At a time when the outbreak of borrowing costs of states fears a crisis of sovereign debts, the ECB has announced the creation of an “anti -fragmentation” instrument to reduce the gap between the rate for the countries of the North and South of the euro zone.
At a time when the bursting of borrowing costs of the euro zone states, following the announcement of a tightening of monetary policy, revives the specter of a crisis of sovereign debts, the Council of Governors of The European Central Bank (ECB) held an exceptional meeting of its council of governors on Wednesday, June 15.

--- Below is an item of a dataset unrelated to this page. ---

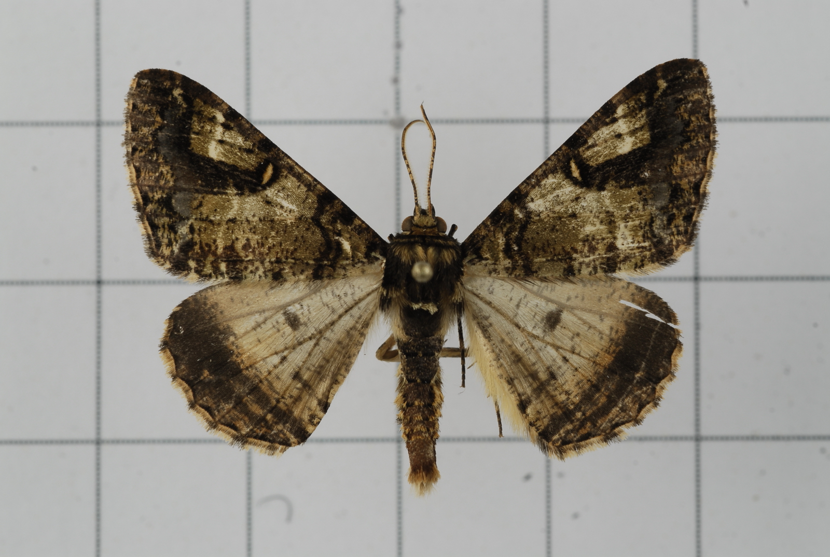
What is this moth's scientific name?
Gasterocome pannosaria orta

At the end of the latter, the institution has announced that it “will apply a certain flexibility in the reinvestment” of the obligations held for its emergency program launched during the pandemic (PEPP). The ECB has also instructed its teams to “accelerate” the design of a new “anti -prone” instrument to combat a too large spacing of rates between countries in the north and countries in the south of the euro zone.

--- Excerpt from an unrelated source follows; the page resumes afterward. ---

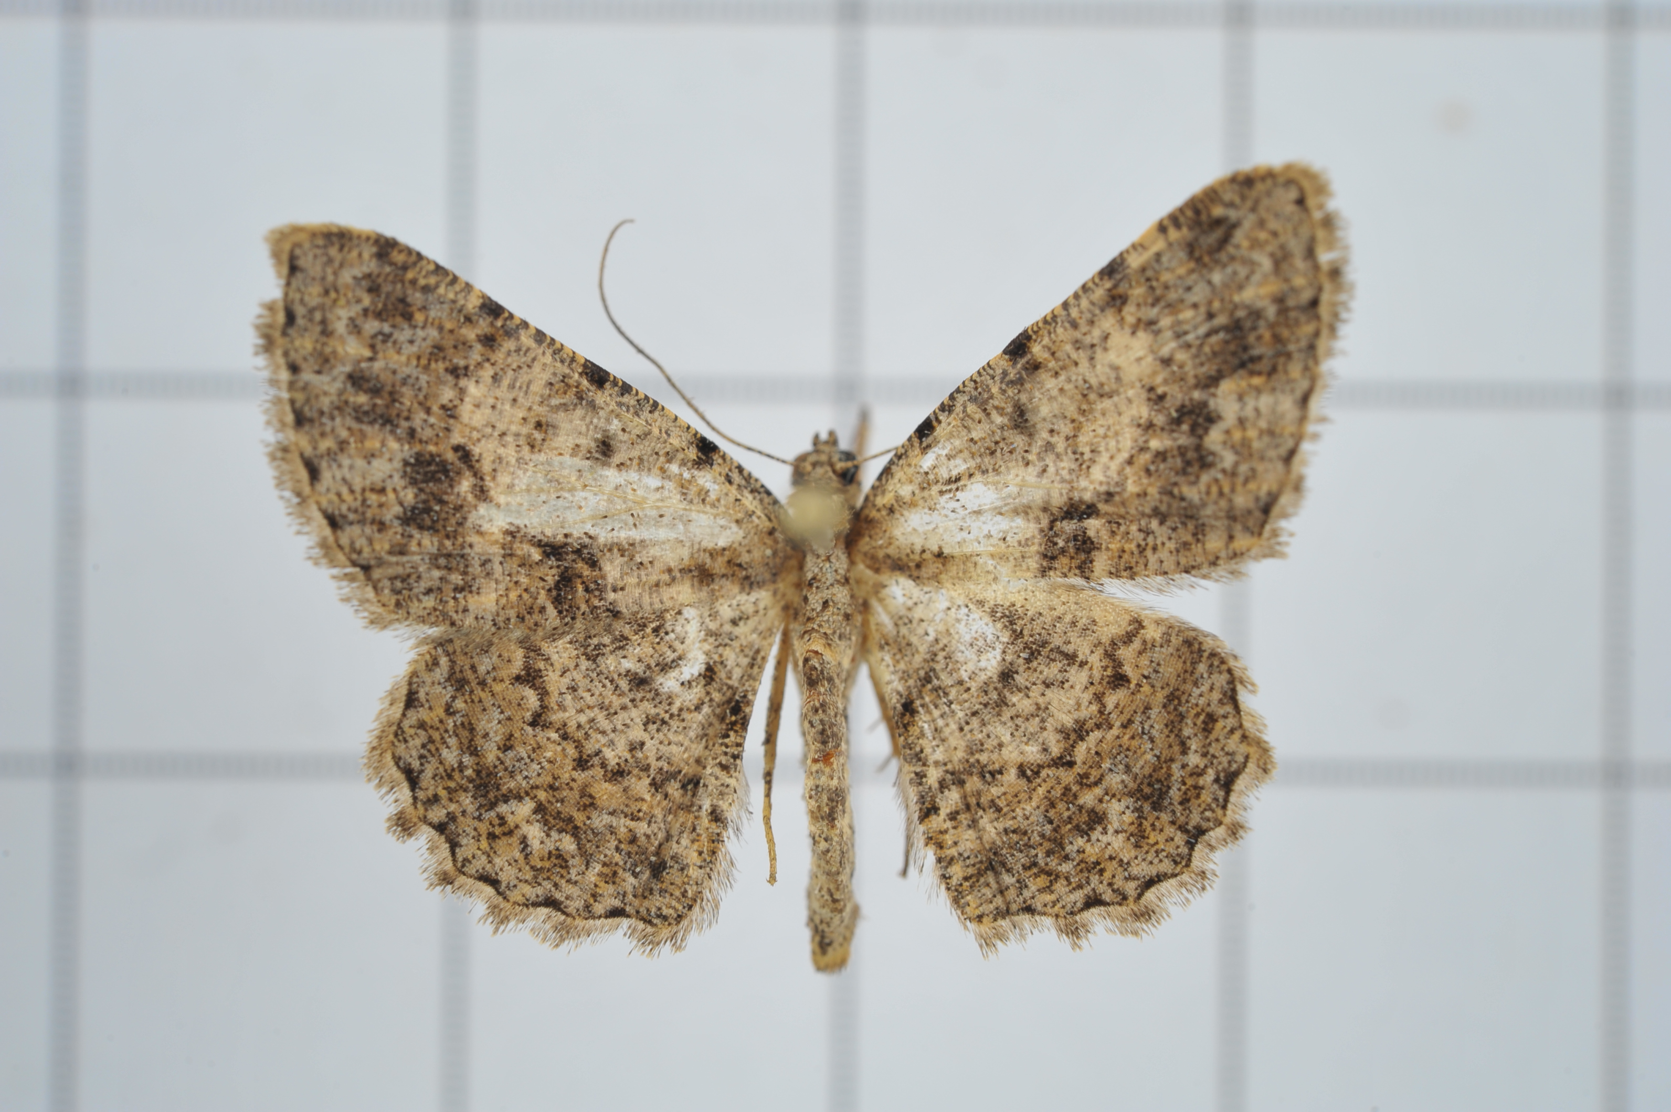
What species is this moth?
Psilalcis breta breta

The goal is to calm the recently appeared tensions on Italy’s borrowing rates in particular, while the pandemic has “left lasting vulnerabilities” in the euro zone. However, no details on the content of this instrument or its adoption calendar has been given.
Bruno Le Maire for a monetary policy that is “well targeted”

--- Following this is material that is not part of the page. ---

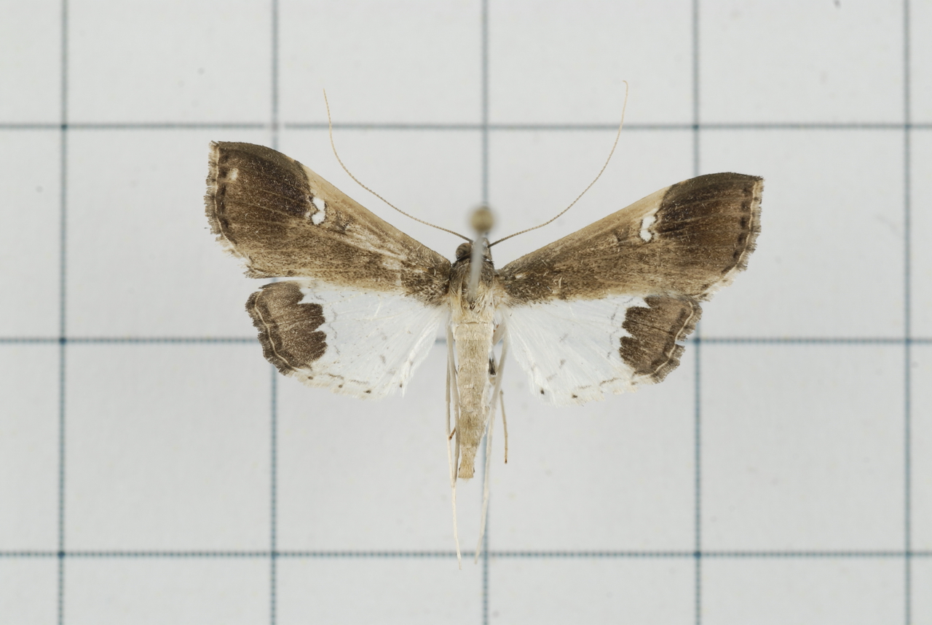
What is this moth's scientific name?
Maruca amboinalis

Shortly before this emergency meeting, Bruno Le Maire, the Minister of the French Economy, estimated that the normalization of European monetary policy “must be done gradually and anticipated”: “We do not want Brutality, we do not want decisions that could take economic actors by surprise and which would ultimately create more economic difficulties than anything else, “said the minister, who was expressed on the sidelines of the living room in Paris.
“We can clearly see that what guarantees the maintenance of growth – which is our priority -, the maintenance of job creation, the ability to finance ecological transition is visibility”, detailed M The mayor, adding that “this is the choice that was made by the European Central Bank, it was the choice that was made by Christine Lagarde, and that seems to me the only wise choice”. He also pleaded for a monetary policy which is “well targeted”, with a necessary “balance” between the fight against inflation and support for economic growth.
the concern of central banks
This emergency meeting of the BCE Governors’ Council intervened while the sovereign debt market has experienced strong turbulence since the central bank announced, last week, its intention to increase its rates from July directors to combat inflation. The American Federal Reserve (Fed) could also announce its highest increase in its guiding rates since 1994.
“There is inflation in Europe which is different from inflation in the United States. There is an economic situation in Europe which is different from the American situation. We therefore want to have a European monetary policy that normalizes Gradually and without brutality, “said Bruno Le Maire.